In meiner Kindheit wurde ich nie weggeschickt beim Spielen. Wir haben gespielt ohne Ende, egal wo – auf dem Spielplatz direkt in der Krozinger Straße, auf dem Parkdeck und auf dem Fußballfeld hinter der Krozinger 78. Am Drachenberg waren wir ganz oft. Als wir noch jünger waren, ist meine Mutter mit ihren Freundinnen und mit deren Kindern noch mitgegangen. Die haben es sich schön gemütlich gemacht und wir haben gespielt. Ich habe noch nie eine Mutter gesehen, die irgendwo alleine saß. Meistens kommen die Mütter nicht alleine und sonst lernt man sich über die Kinder kennen. Wenn die miteinander spielen oder besonders wenn sie sich streiten: „Oh je, mein Kind, das tut mir leid...“. So kommt man dann ins Gespräch. Es gibt auch ein paar Väter, die mit ihren Kindern auf den Spielplatz gehen. Aber viele habe ich bisher nicht gesehen. Wenn, dann kommen sie schön mit der Frau zusammen. Mein Schwager ist eigentlich einer, der das ganz gerne macht.
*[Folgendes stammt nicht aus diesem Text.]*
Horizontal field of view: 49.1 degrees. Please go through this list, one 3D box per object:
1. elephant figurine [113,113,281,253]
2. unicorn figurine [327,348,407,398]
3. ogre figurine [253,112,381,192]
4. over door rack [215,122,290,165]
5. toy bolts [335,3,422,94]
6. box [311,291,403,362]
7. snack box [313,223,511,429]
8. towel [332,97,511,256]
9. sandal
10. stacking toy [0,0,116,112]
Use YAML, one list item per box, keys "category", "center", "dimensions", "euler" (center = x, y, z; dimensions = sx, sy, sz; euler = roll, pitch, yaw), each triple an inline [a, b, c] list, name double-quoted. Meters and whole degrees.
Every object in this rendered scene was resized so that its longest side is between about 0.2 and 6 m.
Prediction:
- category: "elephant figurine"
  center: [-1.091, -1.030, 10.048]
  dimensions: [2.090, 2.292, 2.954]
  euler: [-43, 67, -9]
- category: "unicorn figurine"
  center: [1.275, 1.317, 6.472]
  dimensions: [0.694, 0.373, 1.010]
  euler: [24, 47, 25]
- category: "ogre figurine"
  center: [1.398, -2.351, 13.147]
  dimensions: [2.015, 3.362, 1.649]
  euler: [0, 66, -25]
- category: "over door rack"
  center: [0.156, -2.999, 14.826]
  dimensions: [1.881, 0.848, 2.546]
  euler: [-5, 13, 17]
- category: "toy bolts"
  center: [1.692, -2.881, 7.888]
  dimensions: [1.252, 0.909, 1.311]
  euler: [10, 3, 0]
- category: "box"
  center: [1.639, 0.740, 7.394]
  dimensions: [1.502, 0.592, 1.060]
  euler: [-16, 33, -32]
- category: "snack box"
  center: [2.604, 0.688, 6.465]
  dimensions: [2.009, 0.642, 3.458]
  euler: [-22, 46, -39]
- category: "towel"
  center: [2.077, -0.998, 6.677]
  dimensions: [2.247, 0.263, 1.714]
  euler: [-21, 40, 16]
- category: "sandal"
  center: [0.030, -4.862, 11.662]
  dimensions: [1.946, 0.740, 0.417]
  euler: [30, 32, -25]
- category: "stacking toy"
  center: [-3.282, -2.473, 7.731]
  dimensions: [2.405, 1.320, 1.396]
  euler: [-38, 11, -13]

Ich finde es schön für Kinder hier aufzuwachsen. Du hast die Spielplätze und du hast die Nachbarn, die aufpassen. Wenn mein Kind fällt, kann ich mich darauf verlassen, dass sofort jemand kommt und mir Bescheid gibt.

Übergabe an der Haltestelle

Als meine Tochter geboren wurde, war ich im ersten Jahr von der Wirtschaftsschule. Sie kam im Januar zur Welt. Wenn ich in der Schule war, war immer entweder mein Vater oder meine Mutter zuhause. Meine Eltern haben ihren ganzen Dienstplan um geschmissen, sodass sie sich abwechseln konnten. Dann wurde die Kleine in den Wagen gesetzt und teilweise an der Straßenbahnhaltestelle an den Nächsten übergeben. Jetzt muss man drüber lachen, aber es war schon sehr anstrengend. Ich habe nebenher noch beim Bäcker gejobbt, weil ich meine Eltern auch finanziell unterstützen wollte. Nach meinem Abschluss habe ich eine Ausbildung in Teilzeit als Bürokauffrau gemacht. Jeden Morgen bin ich aufgestanden, habe meine Tochter in die Kita gebracht und bin von da direkt in die Schule. Als ich meinen Abschluss in der Tasche hatte, habe ich mich beworben und sehr schnell einen Job gefunden. Da bin ich jetzt seit drei Jahren, arbeite fünf Stunden am Tag und das ist genial so!

Ich bin zwar allein erziehend, aber irgendwie bin ich's auch doch nicht. Denn meine Familie hat mich von Anfang an unterstützt. Deswegen weiß ich nicht, ob es schwerer ist. Mein Freund, mit dem ich seit 10 Jahren zusammen bin, versucht auch ab und an mal mitzumischen. Bis zu einen gewissen Grad lass ich ihn auch, aber im Endeffekt bin ich schon allein erziehend.

Manchmal habe ich schon diese Blicke gespürt, die zu sagen schienen: „Oh ist die jung! Ist das jetzt die Schwester? Die Nichte?“  Niemals wären sie darauf gekommen, dass sie meine Tochter ist. Wenn sie dann mal Mama gesagt hat, wurden die Augen aufgerissen. Ehrlich gesagt hat mich das stolz gemacht, weil sie was Besonderes ist. Man sagt das immer über die eigene Tochter, aber sie ist ziemlich stark, eine super Persönlichkeit. Sie ist ein Kind, dass mir Kraft gibt. Und für sie hab ich das ganze Programm auch durchgezogen.